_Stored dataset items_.

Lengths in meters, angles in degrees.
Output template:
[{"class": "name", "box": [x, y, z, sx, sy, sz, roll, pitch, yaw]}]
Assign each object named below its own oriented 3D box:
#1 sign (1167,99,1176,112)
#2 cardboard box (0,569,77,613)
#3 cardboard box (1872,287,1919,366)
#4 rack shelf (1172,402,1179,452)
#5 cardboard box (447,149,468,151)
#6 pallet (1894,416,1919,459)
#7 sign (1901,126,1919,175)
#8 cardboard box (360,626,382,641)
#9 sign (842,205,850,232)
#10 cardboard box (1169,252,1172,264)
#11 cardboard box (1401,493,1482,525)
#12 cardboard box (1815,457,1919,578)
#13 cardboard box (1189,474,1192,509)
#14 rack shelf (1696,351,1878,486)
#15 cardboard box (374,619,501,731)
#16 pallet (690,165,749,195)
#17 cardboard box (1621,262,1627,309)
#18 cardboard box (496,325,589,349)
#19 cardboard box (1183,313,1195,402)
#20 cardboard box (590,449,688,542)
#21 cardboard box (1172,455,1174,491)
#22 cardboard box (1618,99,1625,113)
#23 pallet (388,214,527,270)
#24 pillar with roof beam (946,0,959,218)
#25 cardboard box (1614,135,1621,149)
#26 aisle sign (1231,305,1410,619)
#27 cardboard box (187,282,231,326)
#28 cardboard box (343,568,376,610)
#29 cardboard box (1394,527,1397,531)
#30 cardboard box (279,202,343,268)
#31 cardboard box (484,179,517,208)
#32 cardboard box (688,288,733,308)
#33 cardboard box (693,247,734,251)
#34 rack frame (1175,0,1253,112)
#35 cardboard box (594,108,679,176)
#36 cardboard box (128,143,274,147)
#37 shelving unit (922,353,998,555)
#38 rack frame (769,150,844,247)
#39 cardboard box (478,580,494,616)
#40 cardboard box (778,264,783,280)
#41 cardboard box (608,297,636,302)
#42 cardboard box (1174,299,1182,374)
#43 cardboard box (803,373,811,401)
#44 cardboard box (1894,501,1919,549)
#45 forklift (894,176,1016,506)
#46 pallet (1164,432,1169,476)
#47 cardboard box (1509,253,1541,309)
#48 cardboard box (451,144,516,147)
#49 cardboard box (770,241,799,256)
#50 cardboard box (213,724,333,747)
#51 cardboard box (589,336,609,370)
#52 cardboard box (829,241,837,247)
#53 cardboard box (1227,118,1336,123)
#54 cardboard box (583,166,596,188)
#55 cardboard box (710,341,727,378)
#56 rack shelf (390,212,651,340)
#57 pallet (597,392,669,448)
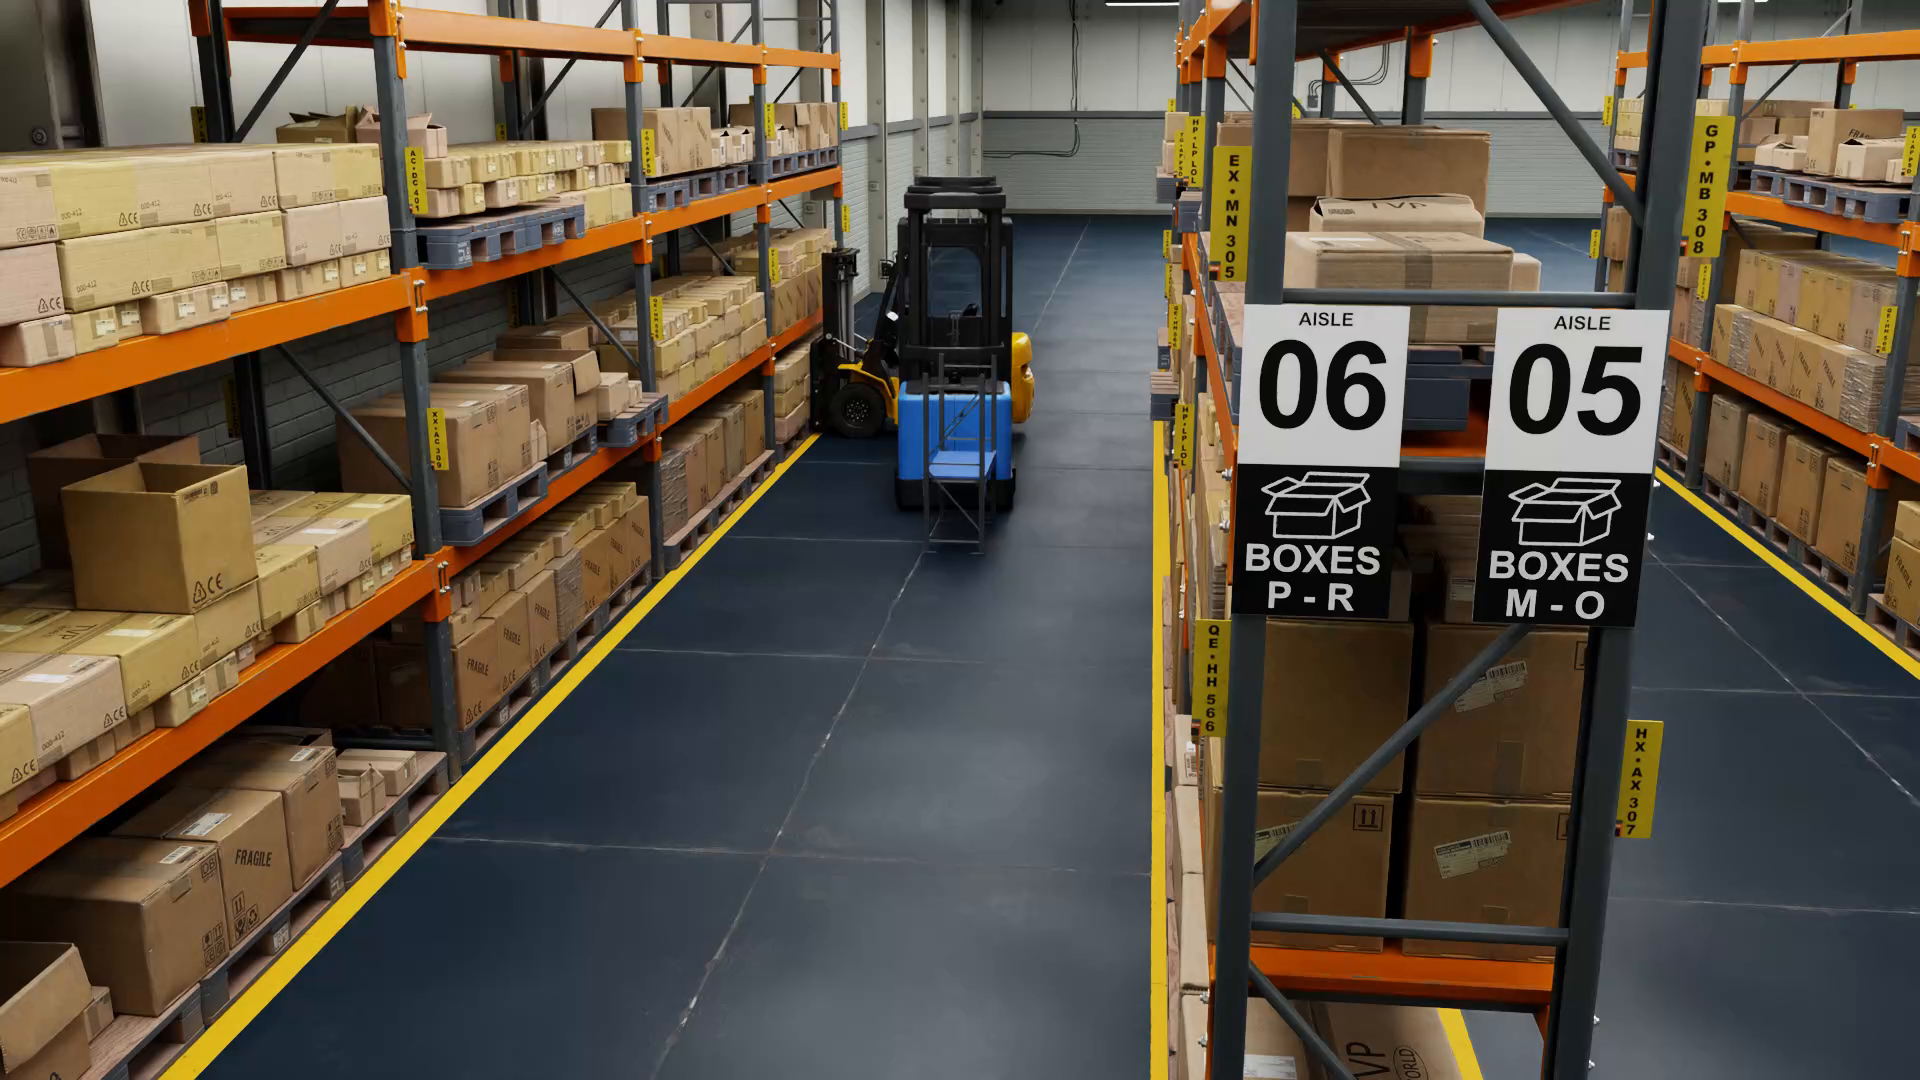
[{"class": "sign", "box": [2.469, -4.976, 19.398, 0.100, 0.325, 0.005, 2, 15, 6]}, {"class": "cardboard box", "box": [-3.762, 0.318, 6.956, 0.500, 0.250, 0.500, 2, 15, 6]}, {"class": "cardboard box", "box": [7.096, -1.543, 12.015, 0.700, 0.500, 0.500, 2, 15, 6]}, {"class": "rack shelf", "box": [2.331, -1.187, 14.184, 1.077, 0.370, 4.000, 2, 15, 6]}, {"class": "cardboard box", "box": [-3.163, -2.260, 9.941, 0.380, 0.149, 0.250, 2, 15, 7]}, {"class": "pallet", "box": [7.061, -0.615, 11.059, 1.213, 0.211, 1.003, 2, 15, 6]}, {"class": "sign", "box": [6.485, -2.650, 11.328, 0.100, 0.325, 0.005, 2, 15, 6]}, {"class": "cardboard box", "box": [-3.523, 0.463, 9.443, 0.380, 0.149, 0.250, 1, 15, 4]}, {"class": "sign", "box": [-1.386, -3.889, 20.127, 0.100, 0.325, 0.005, 2, 15, 6]}, {"class": "cardboard box", "box": [2.568, -2.901, 18.383, 0.500, 0.500, 0.500, 1, 15, 5]}, {"class": "cardboard box", "box": [1.632, -0.072, 5.331, 0.380, 0.149, 0.250, 1, 15, 4]}, {"class": "cardboard box", "box": [7.194, -0.168, 12.542, 1.050, 0.750, 0.750, 1, 15, 5]}, {"class": "cardboard box", "box": [1.463, -0.269, 8.738, 0.500, 0.250, 0.500, 2, 15, 6]}, {"class": "rack shelf", "box": [7.261, -1.067, 13.741, 1.077, 0.370, 4.000, 2, 15, 6]}, {"class": "cardboard box", "box": [-3.000, 0.762, 9.583, 0.500, 0.500, 0.500, 2, 15, 9]}, {"class": "pallet", "box": [-2.462, -3.325, 15.331, 0.805, 0.209, 1.217, 1, 15, 4]}, {"class": "cardboard box", "box": [7.901, -2.802, 18.492, 0.875, 0.550, 0.550, 2, 15, 6]}, {"class": "cardboard box", "box": [-3.040, -1.283, 12.164, 0.500, 0.500, 0.500, 2, 15, 9]}, {"class": "cardboard box", "box": [1.687, -1.163, 10.610, 0.500, 0.500, 0.500, 2, 15, 8]}, {"class": "cardboard box", "box": [-2.743, -0.379, 13.560, 0.875, 0.625, 0.625, 2, 15, 8]}, {"class": "cardboard box", "box": [2.423, -0.665, 15.103, 0.950, 0.372, 0.625, 3, 15, 10]}, {"class": "cardboard box", "box": [7.584, -4.856, 18.586, 0.380, 0.149, 0.250, 2, 15, 7]}, {"class": "pallet", "box": [-3.135, -1.648, 9.123, 1.213, 0.211, 1.003, 2, 15, 6]}, {"class": "pillar with roof beam", "box": [4.088, -12.075, 41.580, 9.100, 9.000, 0.400, 2, 15, 6]}, {"class": "cardboard box", "box": [7.581, -4.469, 18.682, 0.380, 0.149, 0.250, 2, 15, 7]}, {"class": "aisle sign", "box": [0.887, -0.186, 4.123, 0.394, 0.787, 0.004, 2, 15, 6]}, {"class": "cardboard box", "box": [-3.169, -0.948, 6.656, 0.380, 0.149, 0.250, 2, 15, 7]}, {"class": "cardboard box", "box": [-3.076, 0.224, 8.067, 0.380, 0.149, 0.250, 2, 15, 8]}, {"class": "cardboard box", "box": [1.642, 0.144, 5.775, 0.500, 0.500, 0.500, 2, 15, 6]}, {"class": "cardboard box", "box": [-3.132, -1.375, 7.471, 0.500, 0.250, 0.500, 1, 15, 4]}, {"class": "cardboard box", "box": [-2.741, -1.965, 9.420, 0.380, 0.149, 0.250, 2, 15, 7]}, {"class": "cardboard box", "box": [-2.274, -2.197, 15.106, 0.380, 0.149, 0.250, 1, 15, 5]}, {"class": "cardboard box", "box": [-2.587, -2.995, 17.486, 0.380, 0.149, 0.250, 1, 15, 5]}, {"class": "rack frame", "box": [3.009, -5.986, 19.062, 1.000, 3.000, 0.127, 2, 15, 6]}, {"class": "cardboard box", "box": [-2.503, -3.089, 12.904, 0.500, 0.500, 0.500, 2, 15, 7]}, {"class": "cardboard box", "box": [-3.616, -1.764, 7.952, 0.500, 0.250, 0.500, 2, 15, 6]}, {"class": "shelving unit", "box": [0.010, -0.746, 14.048, 0.538, 1.500, 1.048, 2, 15, 6]}, {"class": "rack frame", "box": [-1.924, -3.236, 20.382, 1.000, 3.000, 0.127, 2, 15, 6]}, {"class": "cardboard box", "box": [-3.001, 0.341, 9.895, 0.380, 0.149, 0.250, 1, 15, 3]}, {"class": "cardboard box", "box": [-2.049, -2.770, 17.226, 0.380, 0.149, 0.250, 2, 15, 6]}, {"class": "cardboard box", "box": [-2.837, -2.011, 14.420, 0.380, 0.149, 0.250, 2, 15, 8]}, {"class": "cardboard box", "box": [1.881, -1.536, 12.531, 0.500, 0.500, 0.500, 1, 15, 5]}, {"class": "cardboard box", "box": [-1.891, -1.692, 18.179, 0.500, 0.250, 0.500, 2, 15, 6]}, {"class": "cardboard box", "box": [6.717, -0.082, 11.268, 0.500, 0.250, 0.500, 1, 15, 4]}, {"class": "forklift", "box": [-0.046, -2.051, 16.131, 1.130, 2.935, 3.031, 0, 15, 0]}, {"class": "pallet", "box": [2.598, -0.882, 17.020, 1.003, 0.211, 1.213, 2, 15, 6]}, {"class": "cardboard box", "box": [1.554, -0.794, 5.090, 0.380, 0.149, 0.250, 2, 15, 8]}, {"class": "cardboard box", "box": [-3.209, -2.585, 11.183, 0.380, 0.149, 0.250, 2, 15, 8]}, {"class": "cardboard box", "box": [-1.967, -3.179, 18.167, 0.380, 0.149, 0.250, 2, 15, 6]}, {"class": "cardboard box", "box": [-3.587, 1.136, 8.560, 0.500, 0.311, 0.500, 2, 15, 8]}, {"class": "cardboard box", "box": [-3.052, -1.454, 13.124, 0.500, 0.250, 0.500, 2, 15, 8]}, {"class": "cardboard box", "box": [-1.685, -3.499, 19.921, 0.380, 0.149, 0.250, 2, 15, 7]}, {"class": "cardboard box", "box": [2.213, -2.614, 11.333, 0.797, 0.503, 0.637, 1, 15, 3]}, {"class": "cardboard box", "box": [-2.731, -2.496, 11.422, 0.380, 0.149, 0.250, 2, 15, 8]}, {"class": "cardboard box", "box": [-2.361, -1.595, 14.601, 0.500, 0.250, 0.500, 2, 15, 8]}, {"class": "rack shelf", "box": [-3.052, -1.743, 10.493, 1.077, 0.370, 4.000, 2, 15, 6]}, {"class": "pallet", "box": [-2.833, -0.890, 12.076, 1.213, 0.211, 1.003, 2, 15, 6]}]

_WORK REQUEST_. Of the entries above, transcribe exactly those lines that fall between the line containing "#39 cardboard box (478,580,494,616)" and the line containing "#47 cardboard box (1509,253,1541,309)", together with those two lines.

_ANSWER SPACE_.
#39 cardboard box (478,580,494,616)
#40 cardboard box (778,264,783,280)
#41 cardboard box (608,297,636,302)
#42 cardboard box (1174,299,1182,374)
#43 cardboard box (803,373,811,401)
#44 cardboard box (1894,501,1919,549)
#45 forklift (894,176,1016,506)
#46 pallet (1164,432,1169,476)
#47 cardboard box (1509,253,1541,309)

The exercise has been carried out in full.